» Work item:
Establish how many lines in the entries hold the string "name". The number by itself is the whole answer.

--- Information supplied Enclosed Below ---

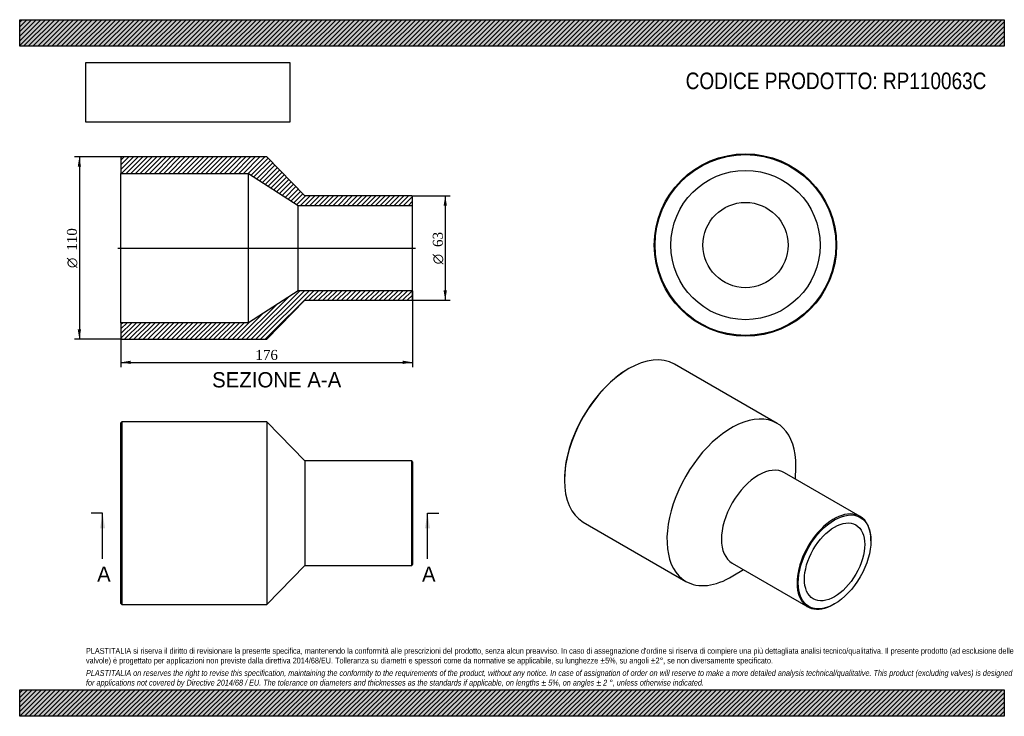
# Model space of a CAD drawing. Header units: millimetres. Extents: x 0 to 594, y 0 to 420.
import ezdxf
from ezdxf.enums import TextEntityAlignment as Align
from ezdxf.lldxf.tags import DXFTag

# ---------------------------------------------------------------- set-up
doc = ezdxf.new("R2010")
doc.units = ezdxf.units.MM
doc.header["$LTSCALE"] = 2
for name, color, linetype in [('Default', 7, 'Continuous'), ('DV4_Default', 7, 'Continuous'), ('RP110063C', 7, 'Continuous')]:
    doc.layers.add(name, color=color, linetype=linetype)
doc.styles.add('SEACAD_Solid_Edge_ANSI', font='seans.ttf')
doc.styles.add('SEACAD_Solid_Edge_ANSI1_Symbols', font='semeca1.ttf')
doc.styles.add('SEACAD_Times_New_Roman', font='times.ttf')
tags = doc.linetypes.add('CENTER2', pattern=[28.575, 19.05, -3.175, 3.175, -3.175]).pattern_tags.tags
tags[10:11] = [DXFTag(74, 4), DXFTag(75, 0), DXFTag(340, '0'), DXFTag(46, 0.0), DXFTag(50, 0.0), DXFTag(44, 0.0), DXFTag(45, 0.0)]
tags[8:9] = [DXFTag(74, 4), DXFTag(75, 0), DXFTag(340, '0'), DXFTag(46, 0.0), DXFTag(50, 0.0), DXFTag(44, 0.0), DXFTag(45, 0.0)]
tags[6:7] = [DXFTag(74, 4), DXFTag(75, 0), DXFTag(340, '0'), DXFTag(46, 0.0), DXFTag(50, 0.0), DXFTag(44, 0.0), DXFTag(45, 0.0)]
tags[4:5] = [DXFTag(74, 4), DXFTag(75, 0), DXFTag(340, '0'), DXFTag(46, 0.0), DXFTag(50, 0.0), DXFTag(44, 0.0), DXFTag(45, 0.0)]
doc.dimstyles.new('ANSImm', dxfattribs={"dimtxt": 6, "dimasz": 6, "dimexe": 3, "dimexo": 0, "dimgap": 1.5, "dimtad": 1, "dimdsep": 46, "dimtxsty": 'SEACAD_Times_New_Roman', "dimblk1": '_SE_FILLED', "dimblk2": '_SE_FILLED', "dimsah": 1, "dimcen": 3, "dimazin": 0, "dimtfac": 0.85, "dimtdec": 3, "dimtofl": 0, "dimtmove": 0, "dimatfit": 3, "dimfxl": 1, "dimarcsym": 0})
picture_1 = doc.add_image_def('image1.jpg', size_in_pixel=(4302, 1260))

# ---------------------------------------------------------------- blocks, each defined once
blk = doc.blocks.new('SE')
at = {"layer": 'RP110063C', "color": 7, "linetype": 'Continuous'}
for p, q in [((61.54, 177.5), (61.04, 177)), ((61.04, 68), (61.04, 177)), ((61.54, 177.5), (61.54, 67.5)), ((149.04, 177.5), (61.54, 177.5)), ((149.04, 177.5), (149.04, 67.5)), ((172.04, 154), (149.04, 177.5)), ((172.04, 154), (172.04, 91)), ((236.54, 154), (172.04, 154)), ((236.54, 91), (236.54, 154)), ((237.04, 153.5), (236.54, 154)), ((237.04, 153.5), (237.04, 91.5)), ((149.04, 67.5), (172.04, 91)), ((172.04, 91), (236.54, 91)), ((236.54, 91), (237.04, 91.5)), ((61.04, 68), (61.54, 67.5)), ((61.54, 67.5), (149.04, 67.5))]:
    blk.add_line(p, q, dxfattribs=at)
blk = doc.blocks.new('SE1')
at = {"layer": 'RP110063C', "color": 7, "linetype": 'Continuous'}
for p, q in [((367.5, 209.63), (367.14, 209.43)), ((456.87, 176.63), (395, 212.36)), ((468.11, 143.01), (468.25, 150.46)), ((328.61, 142.68), (328.61, 142.27)), ((506.99, 120.56), (461.38, 146.89)), ((340, 117.09), (401.87, 81.37)), ((513.51, 105.73), (513.51, 106.14)), ((429.88, 92.33), (475.49, 66)), ((430.22, 84.6), (436.61, 88.45)), ((491.24, 67.56), (491.59, 67.77))]:
    blk.add_line(p, q, dxfattribs=at)
for centre, major_axis, start_param, end_param in [((367.5, 164.72), (-27.5, -47.63), 3.141593, 6.283185), ((367.14, 164.93), (27.25, 47.2), 0.785398, 2.356195), ((429.37, 129), (-27.5, -47.63), 2.334212, 6.283185), ((445.63, 119.61), (-15.75, -27.28), 3.141593, 6.283185), ((491.24, 93.28), (15.75, 27.28), 0, 3.926991), ((491.24, 93.28), (15.75, 27.28), 5.497787, 6.283185), ((429.37, 129), (-27.5, -47.63), 0, 0.80738)]:
    blk.add_ellipse(centre, major_axis=major_axis, ratio=0.57735, start_param=start_param, end_param=end_param, dxfattribs=at)
for major_axis in [(-15.5, -26.85), (-12.85, -22.26)]:
    blk.add_ellipse((491.59, 93.08), major_axis=major_axis, ratio=0.57735, dxfattribs=at)
blk = doc.blocks.new('SE2')
at = {"layer": 'RP110063C', "color": 7, "linetype": 'Continuous'}
for radius in [55, 54.5, 45, 25.7]:
    blk.add_circle((437.86, 284.13), radius, dxfattribs=at)
blk = doc.blocks.new('SE4')
at = {"color": 7, "linetype": 'Continuous', "style": 'SEACAD_Solid_Edge_ANSI'}
blk.add_text('A', height=9.2, dxfattribs=at).set_placement((46.7, 90.3), align=Align.TOP_LEFT)
blk = doc.blocks.new('SE5')
at = {"color": 7, "linetype": 'Continuous', "style": 'SEACAD_Solid_Edge_ANSI'}
blk.add_text('A', height=9.2, dxfattribs=at).set_placement((242.7, 90.3), align=Align.TOP_LEFT)
blk = doc.blocks.new('SEANNOT_GROUP')
at = {"linetype": 'Continuous'}
blk.add_hatch(color=7, dxfattribs=at).paths.add_polyline_path([(51.55, 113.3), (50.01, 122.5), (48.48, 113.3)])
at = {"color": 7, "linetype": 'Continuous'}
blk.add_lwpolyline([(50.01, 94.9), (50.01, 122.5)], dxfattribs=at)
blk = doc.blocks.new('SEANNOT_GROUP1')
at = {"linetype": 'Continuous'}
blk.add_hatch(color=7, dxfattribs=at).paths.add_polyline_path([(247.55, 113.3), (246.01, 122.5), (244.48, 113.3)])
at = {"color": 7, "linetype": 'Continuous'}
blk.add_lwpolyline([(246.01, 94.9), (246.01, 122.5)], dxfattribs=at)
blk = doc.blocks.new('SE3')
at = {"layer": 'Default', "color": 7, "linetype": 'CENTER2'}
for p, q in [((50.01, 122.5), (43.11, 122.5)), ((246.01, 122.5), (252.91, 122.5))]:
    blk.add_line(p, q, dxfattribs=at)
at = {"layer": 'Default', "color": 7, "linetype": 'CENTER2', "const_width": 0.0001}
blk.add_lwpolyline([(50.01, 122.5), (246.01, 122.5)], dxfattribs=at)
at = {"layer": 'Default'}
for name in ['SEANNOT_GROUP', 'SEANNOT_GROUP1', 'SE4', 'SE5']:
    blk.add_blockref(name, (0, 0), dxfattribs=at)
blk = doc.blocks.new('SE6')
at = {"layer": 'RP110063C', "linetype": 'Continuous'}
h = blk.add_hatch(dxfattribs=at)
h.set_pattern_fill('LINE', scale=0.62992, angle=45, style=0)
h.paths.add_polyline_path([(172.04, 313.8), (149.04, 337.3), (61.54, 337.3), (61.04, 336.8), (61.04, 327.3), (138.04, 327.3), (168.04, 308), (237.04, 308), (237.04, 313.3), (236.54, 313.8)])
h = blk.add_hatch(dxfattribs=at)
h.set_pattern_fill('LINE', scale=0.62992, angle=45, style=0)
h.paths.add_polyline_path([(149.04, 227.3), (172.04, 250.8), (236.54, 250.8), (237.04, 251.3), (237.04, 256.6), (168.04, 256.6), (138.04, 237.3), (61.04, 237.3), (61.04, 227.8), (61.54, 227.3)])
at = {"layer": 'DV4_Default', "color": 7, "linetype": 'CENTER2'}
blk.add_line((59.29, 282.3), (238.79, 282.3), dxfattribs=at)
at = {"layer": 'RP110063C', "color": 7, "linetype": 'Continuous'}
for p, q in [((61.04, 336.8), (61.54, 337.3)), ((61.04, 336.8), (61.04, 327.3)), ((149.04, 337.3), (61.54, 337.3)), ((172.04, 313.8), (149.04, 337.3)), ((61.04, 237.3), (61.04, 327.3)), ((61.04, 327.3), (138.04, 327.3)), ((138.04, 237.3), (138.04, 327.3)), ((138.04, 327.3), (168.04, 308)), ((236.54, 313.8), (172.04, 313.8)), ((236.54, 313.8), (237.04, 313.3)), ((237.04, 308), (237.04, 313.3)), ((168.04, 256.6), (168.04, 308)), ((168.04, 308), (237.04, 308)), ((237.04, 256.6), (237.04, 308)), ((168.04, 256.6), (138.04, 237.3)), ((237.04, 256.6), (168.04, 256.6)), ((237.04, 251.3), (237.04, 256.6)), ((149.04, 227.3), (172.04, 250.8)), ((172.04, 250.8), (236.54, 250.8)), ((237.04, 251.3), (236.54, 250.8)), ((138.04, 237.3), (61.04, 237.3)), ((61.04, 237.3), (61.04, 227.8)), ((61.54, 227.3), (61.04, 227.8)), ((61.54, 227.3), (149.04, 227.3))]:
    blk.add_line(p, q, dxfattribs=at)
blk = doc.blocks.new('GDimGGroup')
at = {"layer": 'Default', "linetype": 'Continuous'}
for points in [[(257.73, 307.8), (256.73, 313.8), (255.73, 307.8)], [(257.73, 256.8), (255.73, 256.8), (256.73, 250.8)]]:
    blk.add_hatch(color=7, dxfattribs=at).paths.add_polyline_path(points)
at = {"layer": 'Default', "color": 7, "linetype": 'Continuous'}
for p, q in [((236.54, 313.8), (259.73, 313.8)), ((256.73, 313.8), (256.73, 250.8)), ((236.54, 250.8), (259.73, 250.8))]:
    blk.add_line(p, q, dxfattribs=at)
for s, style, p in [('63', 'SEACAD_Times_New_Roman', (249.23, 282.98)), ('O', 'SEACAD_Solid_Edge_ANSI1_Symbols', (249.23, 272.53))]:
    blk.add_text(s, height=6, rotation=90, dxfattribs=dict(at, style=style)).set_placement(p, align=Align.TOP_LEFT)
blk = doc.blocks.new('GDimGGroup1')
at = {"layer": 'Default', "linetype": 'Continuous'}
for points in [[(35.01, 331.3), (37.01, 331.3), (36.01, 337.3)], [(35.01, 233.3), (36.01, 227.3), (37.01, 233.3)]]:
    blk.add_hatch(color=7, dxfattribs=at).paths.add_polyline_path(points)
at = {"layer": 'Default', "color": 7, "linetype": 'Continuous'}
for p, q in [((61.54, 337.3), (33.01, 337.3)), ((36.01, 337.3), (36.01, 227.3)), ((61.54, 227.3), (33.01, 227.3))]:
    blk.add_line(p, q, dxfattribs=at)
for s, style, p in [('110', 'SEACAD_Times_New_Roman', (28.51, 280.7)), ('O', 'SEACAD_Solid_Edge_ANSI1_Symbols', (28.51, 270.26))]:
    blk.add_text(s, height=6, rotation=90, dxfattribs=dict(at, style=style)).set_placement(p, align=Align.TOP_LEFT)
blk = doc.blocks.new('DMBLK188')
at = {"layer": 'Default', "linetype": 'Continuous'}
for points in [[(67.04, 212.41), (67.04, 214.41), (61.04, 213.41)], [(231.04, 212.41), (237.04, 213.41), (231.04, 214.41)]]:
    blk.add_hatch(color=7, dxfattribs=at).paths.add_polyline_path(points)
at = {"layer": 'Default', "color": 7, "linetype": 'Continuous'}
for p, q in [((237.04, 256.6), (237.04, 210.41)), ((61.04, 237.3), (61.04, 210.41)), ((61.04, 213.41), (237.04, 213.41))]:
    blk.add_line(p, q, dxfattribs=at)
at = {"layer": 'Default', "color": 7, "linetype": 'Continuous', "style": 'SEACAD_Times_New_Roman'}
blk.add_text('176', height=6, dxfattribs=at).set_placement((142.21, 220.91), align=Align.TOP_LEFT)
blk = doc.blocks.new('_SE_FILLED')
at = {"color": 0}
blk.add_line((0, 0), (-1, 0), dxfattribs=at)
blk.add_solid([(0, 0), (-1, -0.1665), (-1, 0.1665), (0, 0)], dxfattribs=at)

msp = doc.modelspace()

# ---------------------------------------------------------------- hatches: boundary and pattern name
at = {"layer": 'Default', "linetype": 'Continuous'}
h = msp.add_hatch(dxfattribs=at)
h.set_pattern_fill('LINE', scale=0.62992, angle=45, style=0)
h.paths.add_polyline_path([(594, 404), (594, 420), (0, 420), (0, 404)])
for points in [[(594, 404), (594, 420), (0, 420), (0, 404)], [(594, 0), (594, 16), (0, 16), (0, 0)]]:
    msp.add_hatch(color=7, dxfattribs=at).paths.add_polyline_path(points)
h = msp.add_hatch(dxfattribs=at)
h.set_pattern_fill('LINE', scale=0.62992, angle=45, style=0)
h.paths.add_polyline_path([(594, 0), (594, 16), (0, 16), (0, 0)])

# ---------------------------------------------------------------- linework, layer by layer
at = {"layer": 'Default', "color": 7, "linetype": 'Continuous'}
for p, q in [((0, 420), (594, 420)), ((0, 404), (0, 420)), ((594, 420), (594, 404)), ((594, 404), (0, 404)), ((0, 16), (594, 16)), ((0, 0), (0, 16)), ((594, 16), (594, 0)), ((594, 0), (0, 0))]:
    msp.add_line(p, q, dxfattribs=at)

# ---------------------------------------------------------------- block references
at = {"layer": 'Default'}
for name in ['SE2', 'GDimGGroup1', 'SE6', 'GDimGGroup', 'SE1', 'SE', 'SE3']:
    msp.add_blockref(name, (0, 0), dxfattribs=at)

# ---------------------------------------------------------------- texts
at = {"layer": 'Default', "color": 7, "linetype": 'Continuous', "style": 'SEACAD_Solid_Edge_ANSI'}
msp.add_text('SEZIONE A-A', height=9.2, dxfattribs=at).set_placement((116.087, 207.492), align=Align.TOP_LEFT)
at = {"layer": 'Default', "attachment_point": 1}
for s, insert, char_height, width in [('{\\fArial Narrow|b0||i0||c0|p34;\\C7;\\H10.;\\W1.;CODICE PRODOTTO: RP110063C}', (401.778, 388.127), 10, 182.02957), ("{\\fArial Narrow|b0||i0||c0|p34;\\C7;\\H3.5;\\W1.;PLASTITALIA si riserva il diritto di revisionare la presente specifica, mantenendo la conformità alle prescrizioni del prodotto, senza alcun preavviso. In caso di assegnazione d'ordine si riserva di compiere una più dettagliata analisi tecnico/qualitativa. Il presente prodotto (ad esclusione delle \\P}{\\fArial Narrow|b0||i0||c0|p34;\\C7;\\H3.5;\\W1.;valvole) è progettato per applicazioni non previste dalla direttiva 2014/68/EU. Tolleranza su diametri e spessori come da normative se applicabile, su lunghezze ±5%, su angoli ±2°, se non diversamente specificato.\\P}{\\fArial Narrow|b0||i0||c0|p34;\\C7;\\H1.;\\W1.;   \\P}{\\fArial Narrow|b0||i1||c0|p34;\\C7;\\H3.5;\\W1.;PLASTITALIA on reserves the right to revise this specification, maintaining the conformity to the requirements of the product, without any notice. In case of assignation of order on will reserve to make a more detailed analysis technical/qualitative. This product (excluding valves) is designed \\P}{\\fArial Narrow|b0||i1||c0|p34;\\C7;\\H3.5;\\W1.;for applications not covered by Directive 2014/68 / EU. The tolerance on diameters and thicknesses as the standards if applicable, on lengths ± 5%, on angles ± 2 °, unless otherwise indicated.\\P}", (40, 41.205), 3.5, 514)]:
    msp.add_mtext(s, dxfattribs=dict(at, insert=insert, char_height=char_height, width=width))

# ---------------------------------------------------------------- dimensions: what is measured, and where the dimension line sits
at = {"layer": 'Default', "color": 7, "linetype": 'Continuous'}
dim = msp.add_linear_dim(base=(237.038, 213.415), p1=(61.038, 237.305), p2=(237.038, 256.605), text='\\A1;<>', dimstyle='ANSImm', dxfattribs=at)
dim.commit()
dim.dimension.update_dxf_attribs({"geometry": 'DMBLK188', "text_midpoint": (149.038, 213.415), "dimtype": 160})

# ---------------------------------------------------------------- pictures from other files: only their frames are drawn
image = msp.add_image(picture_1, insert=(40, 358.206), size_in_units=(122.914, 36))
image.dxf.flags = 7

doc.saveas('drawing.dxf')

--- End of Enclosed Information supplied ---

» Reply to the task:
7